After a more-than-usual amount of fuss, we’re shown to a table in the front of the restaurant by the window. There are whispers all around us: “That princess . . . Cecelia . . . who’s that woman?. . . Oh, Dianna Moon . . . Norman Childs . . . Dianna Moon and . . . Luxenstein . . . Prince Hubert Luxenstein . . . dead, you know. . . .” And I know this will be an item in Page Six tomorrow, especially when I look up and see D.W. staring at me from five tables away, waiting for me to catch his eye so he can come over. He’s sitting with Juliette Morganz, the “little girl from Vermont” who’s marrying Richard Ally of the giant Ally cosmetics family at the end of the summer, at the A
lly estate in the Hamptons.
The waiter comes over, and Dianna nearly slugs him when he attempts to place her napkin on her lap, but the brawl is averted by the appearance of D.W. He leans over and, in what is commonly called “syrupy tones,” says, “My dear. What an absolute delight to see you. I can’t imagine anyone I’d rather see more. You’ve made my day.”
“Dianna Moon, D.W.”
Dianna lifts her face to be kissed, and D.W. complies, kissing her on both cheeks. “Yeah,” she says. “What do the initials stand for?”
“Dwight Wainous,” I say.
“I was Cecelia’s first boss,” D.W. says. “Years ago. Since then Cecelia and I have been great, great friends.”
I just look at him.
“And I hear congratulations are in order,” he says to Dianna.

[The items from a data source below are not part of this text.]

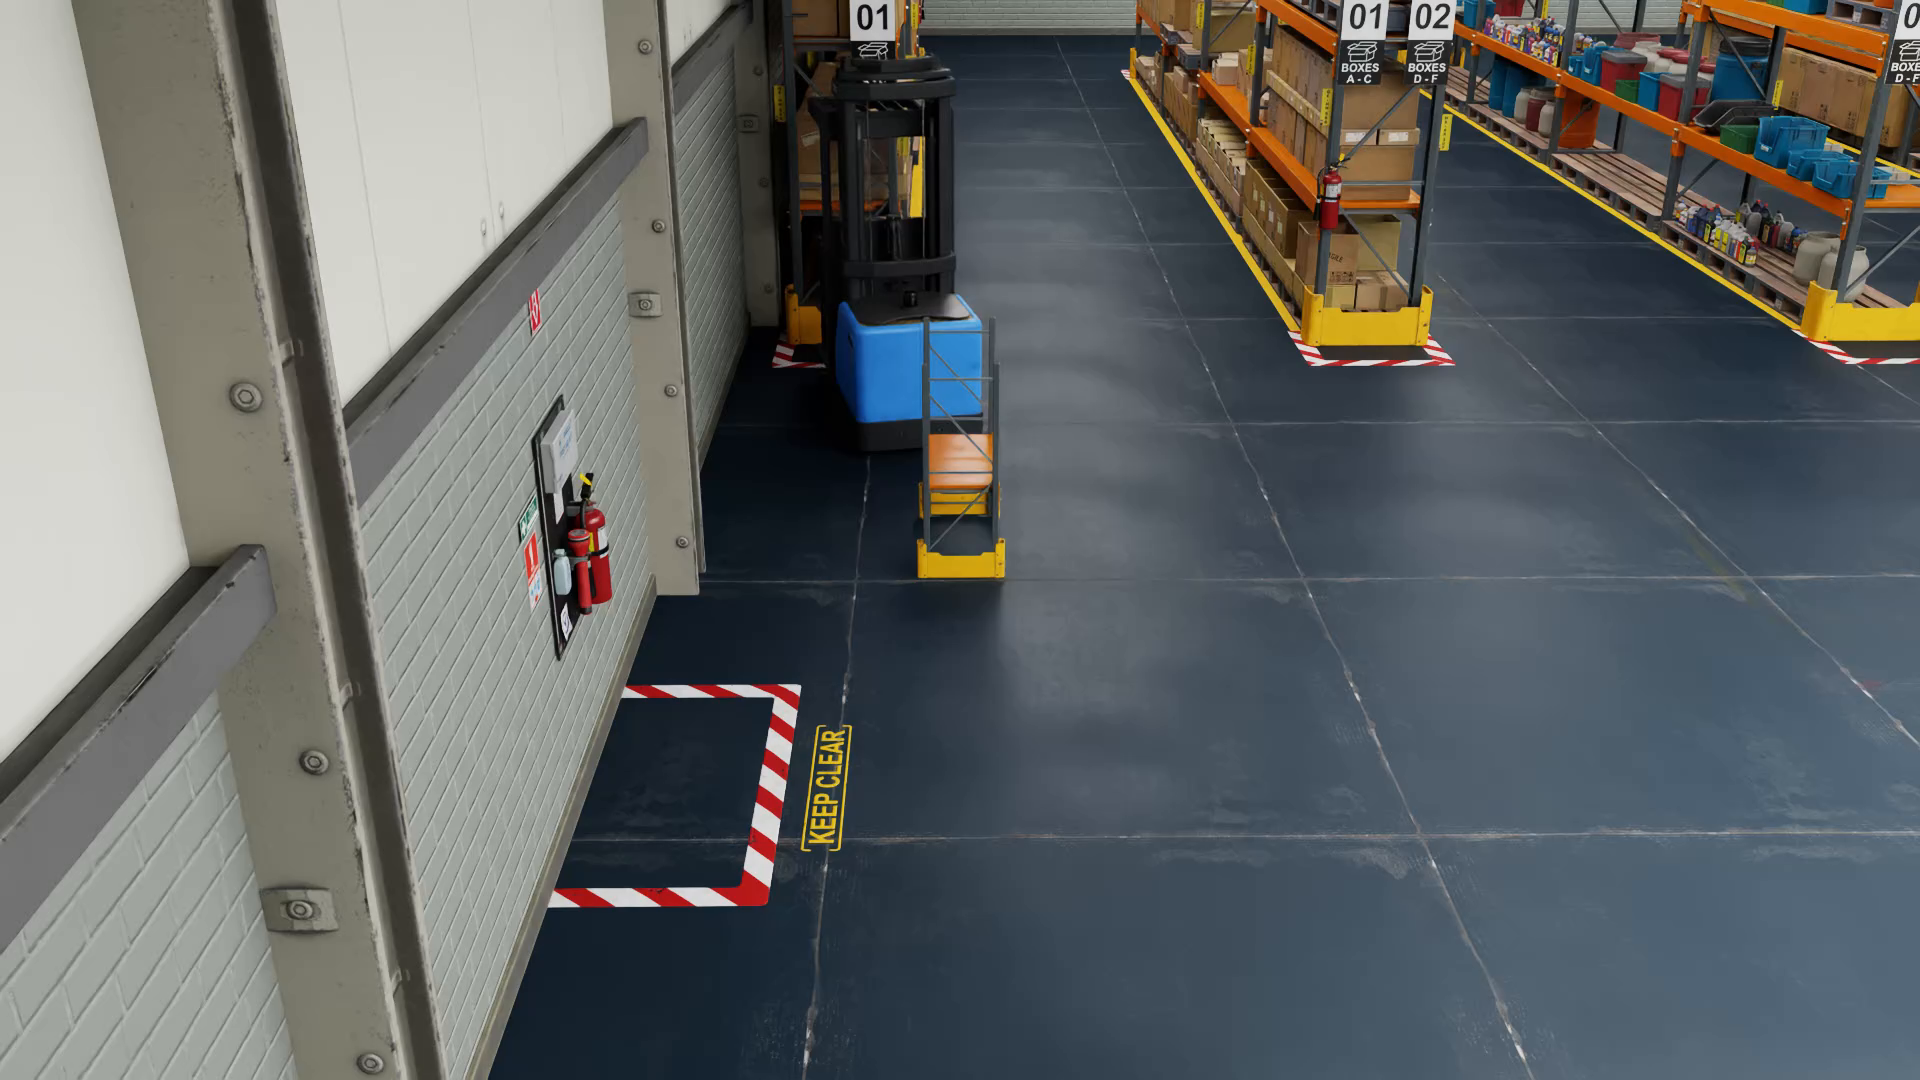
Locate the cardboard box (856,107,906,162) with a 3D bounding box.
[{"bbox_3d":[-0.773,-3.959,16.110,0.500,0.500,0.500,0,24,0],"label":"cardboard box"}]

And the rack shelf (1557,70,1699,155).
[{"bbox_3d":[8.768,-5.464,21.063,1.077,0.370,4.000,0,24,-1],"label":"rack shelf"}]

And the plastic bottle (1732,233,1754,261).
[{"bbox_3d":[8.400,-3.137,17.818,0.152,0.276,0.135,0,24,0],"label":"plastic bottle"}]

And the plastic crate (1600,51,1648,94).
[{"bbox_3d":[8.458,-5.977,21.249,0.402,0.464,0.583,0,24,-1],"label":"plastic crate"}]

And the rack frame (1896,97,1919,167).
[{"bbox_3d":[13.699,-6.638,22.786,1.000,3.000,0.127,0,24,-1],"label":"rack frame"}]

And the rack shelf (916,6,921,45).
[{"bbox_3d":[-1.226,-8.716,28.253,1.077,0.370,4.000,0,24,-1],"label":"rack shelf"}]

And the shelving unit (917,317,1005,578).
[{"bbox_3d":[0.001,-0.652,11.371,0.587,1.500,1.083,0,24,-1],"label":"shelving unit"}]

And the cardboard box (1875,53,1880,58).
[{"bbox_3d":[13.446,-7.091,23.667,0.500,0.500,0.500,0,24,-1],"label":"cardboard box"}]

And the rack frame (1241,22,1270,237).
[{"bbox_3d":[3.837,-4.946,19.047,1.000,3.000,0.127,0,24,-1],"label":"rack frame"}]

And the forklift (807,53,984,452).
[{"bbox_3d":[-0.644,-2.612,13.968,1.130,2.935,3.031,-5,25,-12],"label":"forklift"}]

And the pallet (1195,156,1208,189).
[{"bbox_3d":[3.763,-4.985,22.515,1.003,0.211,1.213,0,24,-1],"label":"pallet"}]

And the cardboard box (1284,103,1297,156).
[{"bbox_3d":[3.862,-4.385,17.684,0.700,0.500,0.500,0,24,0],"label":"cardboard box"}]

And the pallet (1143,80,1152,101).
[{"bbox_3d":[3.727,-7.759,28.650,1.003,0.211,1.213,0,24,-1],"label":"pallet"}]

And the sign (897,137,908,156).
[{"bbox_3d":[-0.530,-3.671,15.177,0.100,0.325,0.005,0,24,-1],"label":"sign"}]

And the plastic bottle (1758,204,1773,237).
[{"bbox_3d":[9.087,-3.618,18.789,0.144,0.351,0.185,-1,24,-3],"label":"plastic bottle"}]

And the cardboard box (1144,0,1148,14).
[{"bbox_3d":[3.461,-9.333,28.625,0.500,0.500,0.500,0,24,-1],"label":"cardboard box"}]

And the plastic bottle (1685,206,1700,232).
[{"bbox_3d":[8.386,-3.660,18.974,0.152,0.276,0.135,1,24,1],"label":"plastic bottle"}]

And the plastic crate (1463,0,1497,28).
[{"bbox_3d":[8.356,-8.475,26.794,0.392,0.384,0.575,0,24,-1],"label":"plastic crate"}]

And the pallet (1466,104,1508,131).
[{"bbox_3d":[8.669,-6.675,26.253,1.003,0.211,1.213,0,24,-1],"label":"pallet"}]

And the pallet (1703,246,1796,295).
[{"bbox_3d":[8.772,-2.916,17.941,1.003,0.211,1.213,0,24,-1],"label":"pallet"}]

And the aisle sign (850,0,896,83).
[{"bbox_3d":[-0.772,-4.431,14.752,0.394,0.787,0.004,0,24,-1],"label":"aisle sign"}]

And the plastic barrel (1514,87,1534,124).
[{"bbox_3d":[8.616,-6.572,25.151,0.421,0.512,0.421,0,24,0],"label":"plastic barrel"}]

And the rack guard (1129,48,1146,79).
[{"bbox_3d":[3.707,-8.721,30.426,1.175,0.500,0.348,0,24,-1],"label":"rack guard"}]

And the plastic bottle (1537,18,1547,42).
[{"bbox_3d":[8.898,-7.787,25.388,0.144,0.351,0.185,0,24,-1],"label":"plastic bottle"}]

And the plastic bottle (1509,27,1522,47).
[{"bbox_3d":[8.339,-7.538,24.927,0.152,0.276,0.135,0,24,-1],"label":"plastic bottle"}]

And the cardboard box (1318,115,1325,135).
[{"bbox_3d":[3.679,-4.009,16.066,0.380,0.149,0.250,-1,24,-1],"label":"cardboard box"}]

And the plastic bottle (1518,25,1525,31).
[{"bbox_3d":[8.489,-7.634,25.139,0.152,0.276,0.135,0,24,-1],"label":"plastic bottle"}]

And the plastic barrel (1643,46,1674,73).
[{"bbox_3d":[8.976,-6.070,21.395,0.421,0.512,0.421,0,24,0],"label":"plastic barrel"}]

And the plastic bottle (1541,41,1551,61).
[{"bbox_3d":[8.328,-6.945,23.621,0.097,0.271,0.097,0,24,0],"label":"plastic bottle"}]

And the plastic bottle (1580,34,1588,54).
[{"bbox_3d":[9.098,-7.218,24.212,0.061,0.283,0.133,0,24,-1],"label":"plastic bottle"}]

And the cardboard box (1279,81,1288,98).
[{"bbox_3d":[3.658,-4.858,17.943,0.380,0.149,0.250,0,24,-1],"label":"cardboard box"}]

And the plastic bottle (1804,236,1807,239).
[{"bbox_3d":[9.122,-3.166,17.887,0.097,0.271,0.097,0,24,0],"label":"plastic bottle"}]

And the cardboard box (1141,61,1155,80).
[{"bbox_3d":[3.439,-8.201,29.047,0.500,0.250,0.500,0,24,-1],"label":"cardboard box"}]

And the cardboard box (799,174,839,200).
[{"bbox_3d":[-1.272,-3.407,15.801,0.500,0.250,0.500,0,24,0],"label":"cardboard box"}]

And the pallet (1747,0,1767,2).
[{"bbox_3d":[8.895,-5.951,17.857,1.213,0.211,1.003,0,24,-1],"label":"pallet"}]

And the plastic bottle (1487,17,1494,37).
[{"bbox_3d":[8.281,-8.003,25.946,0.061,0.283,0.133,0,24,-1],"label":"plastic bottle"}]

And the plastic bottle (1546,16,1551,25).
[{"bbox_3d":[9.040,-7.864,25.557,0.144,0.351,0.185,0,24,-1],"label":"plastic bottle"}]

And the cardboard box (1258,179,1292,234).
[{"bbox_3d":[3.540,-3.622,18.036,0.500,0.500,0.500,0,24,-1],"label":"cardboard box"}]

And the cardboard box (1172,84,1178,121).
[{"bbox_3d":[3.526,-6.678,25.376,0.500,0.500,0.500,0,24,0],"label":"cardboard box"}]

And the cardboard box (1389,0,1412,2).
[{"bbox_3d":[3.878,-5.204,15.171,0.797,0.503,0.637,1,24,3],"label":"cardboard box"}]

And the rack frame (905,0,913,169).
[{"bbox_3d":[-1.160,-6.571,22.639,1.000,3.000,0.127,0,24,-1],"label":"rack frame"}]

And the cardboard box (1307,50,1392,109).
[{"bbox_3d":[3.870,-4.574,16.527,0.700,0.500,0.500,0,24,0],"label":"cardboard box"}]

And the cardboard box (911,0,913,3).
[{"bbox_3d":[-0.908,-7.303,22.840,0.500,0.250,0.500,0,24,1],"label":"cardboard box"}]

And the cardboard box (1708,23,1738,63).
[{"bbox_3d":[13.709,-8.519,29.015,0.875,0.875,0.875,0,24,-1],"label":"cardboard box"}]

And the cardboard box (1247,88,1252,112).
[{"bbox_3d":[3.644,-5.247,19.874,0.396,0.266,0.258,-1,24,-2],"label":"cardboard box"}]

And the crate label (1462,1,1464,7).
[{"bbox_3d":[8.865,-9.250,28.809,0.396,0.136,0.243,0,24,-1],"label":"crate label"}]

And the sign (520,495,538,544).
[{"bbox_3d":[-1.980,-0.099,7.644,0.001,0.109,0.331,0,24,-1],"label":"sign"}]

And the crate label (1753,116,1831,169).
[{"bbox_3d":[8.543,-4.092,17.115,0.502,0.435,0.616,0,24,-1],"label":"crate label"}]

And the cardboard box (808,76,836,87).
[{"bbox_3d":[-1.319,-4.592,17.511,0.500,0.500,0.500,0,24,1],"label":"cardboard box"}]

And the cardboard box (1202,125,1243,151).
[{"bbox_3d":[3.519,-5.355,22.097,0.500,0.311,0.500,-1,24,-2],"label":"cardboard box"}]

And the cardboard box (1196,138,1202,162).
[{"bbox_3d":[3.505,-5.316,22.691,0.500,0.250,0.500,0,24,-1],"label":"cardboard box"}]

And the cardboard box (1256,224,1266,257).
[{"bbox_3d":[3.539,-3.280,18.190,0.500,0.250,0.500,0,24,-1],"label":"cardboard box"}]

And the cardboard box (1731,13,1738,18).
[{"bbox_3d":[13.308,-8.930,28.160,0.380,0.149,0.250,0,24,0],"label":"cardboard box"}]
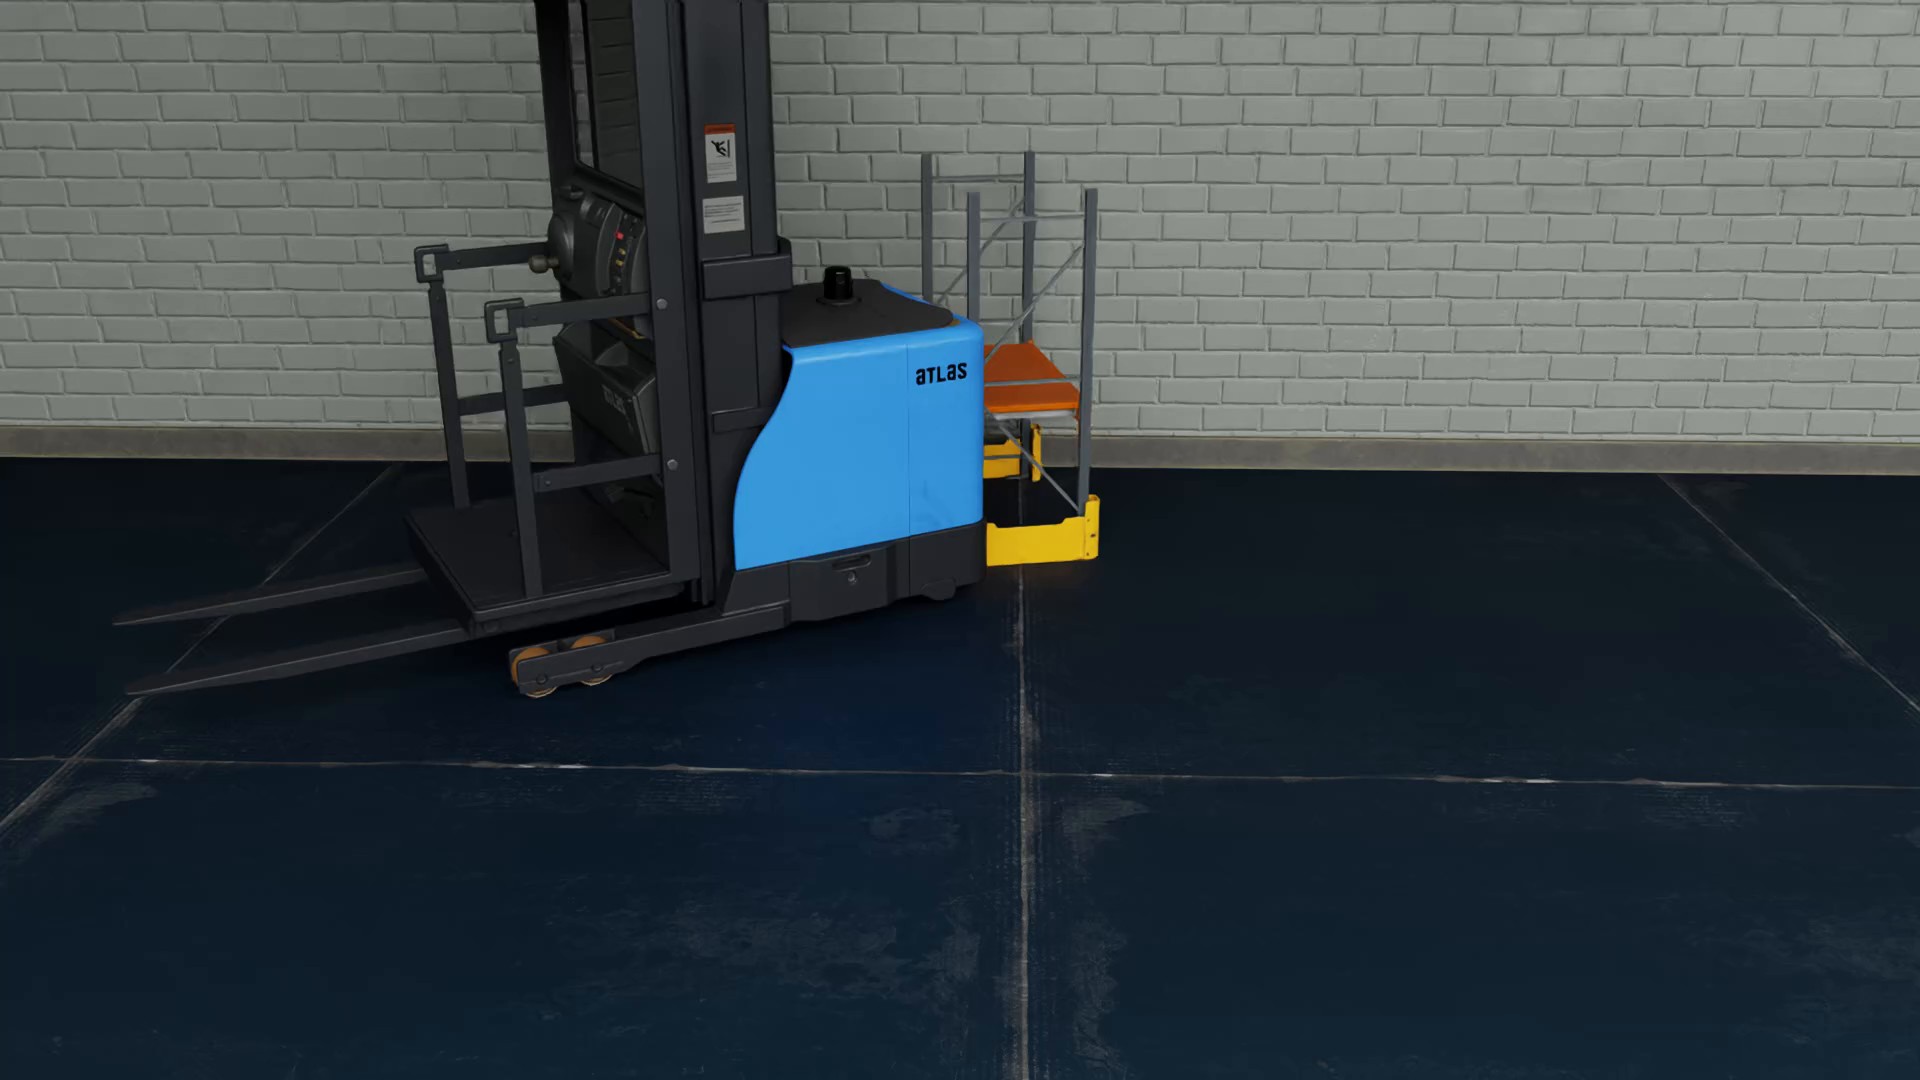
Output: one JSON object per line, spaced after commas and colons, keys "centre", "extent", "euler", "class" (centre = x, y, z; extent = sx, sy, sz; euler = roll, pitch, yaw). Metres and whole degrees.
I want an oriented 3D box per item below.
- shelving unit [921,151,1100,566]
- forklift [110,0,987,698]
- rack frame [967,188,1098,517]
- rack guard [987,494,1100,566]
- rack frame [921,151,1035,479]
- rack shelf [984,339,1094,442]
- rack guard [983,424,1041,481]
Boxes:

“Yeah,” Dianna says, completely unimpressed.
“On your Ally cosmetics contract.”
“Can you believe that?” Dianna says. “Me, selling blue eyeshadow.”
“The Allys are great, great friends of mine. In fact, I’m lunching with Juliette Morganz, Richard Ally’s fiancée, right now.”
“Yeah?” Dianna says, squinting across the room. “You mean that little dark-haired thing?”
Juliette waves eagerly.
“I think I’m supposed to go to their wedding,” Dianna says.
“She’s a very, very good friend of mine as well,” D.W. says.
“Sounds like everyone in this town is a very, very good friend of yours. Maybe I should get to know you better,” Dianna says.
“That,” says D.W., “would be a delight.”
“Sweet Jesus,” Dianna says as D.W. walks away from the table. “That guy looks like something someone dug up from under a rock in Palm Beach,” and I start laughing, even though Palm Beach reminds me of the two-week holiday Hubert and I took after we first got engaged, during which it became apparent to me that we may have had different expectations for our future together. Mine were: Louis Vuitton luggage, my hair always perfectly straight, jeeps in Africa, khaki jodhpurs, white columns set against the blue Caribbean Sea, dry-yellow Tuscan fields, a masked ball in Paris, emerald jewelry, the president, Lear jets, hotel suites, huge beds with white sheets and down pillows, an open roadster, my husband always kissing me, notes in my luggage that said “I love you,” and the wind always blowing through our hair. This is what I got instead: an “exciting” tour of America. Which began in Palm Beach. Where “the glamorous, just-engaged couple” stayed at the home of Mr. and Mrs. Brian Masters. Brian Masters (Hubert’s uncle) was a fat old man with moles all over the top of his head, whom I was seated next to at every meal, and who, on the first evening, leaned toward me and whispered, “This family was actually okay until Wesley went out to Hollywood and made all that damn money,” as a black man wearing white cotton gloves served lamb chops. His wife, Lucinda, who spoke with a slight English accent but was actually from, I think, Minnesota, had an odd sort of vagueness about her, and I discovered the reason why after a particularly frustrating game of mixed doubles in which I swore at Hubert and threw down my tennis racket.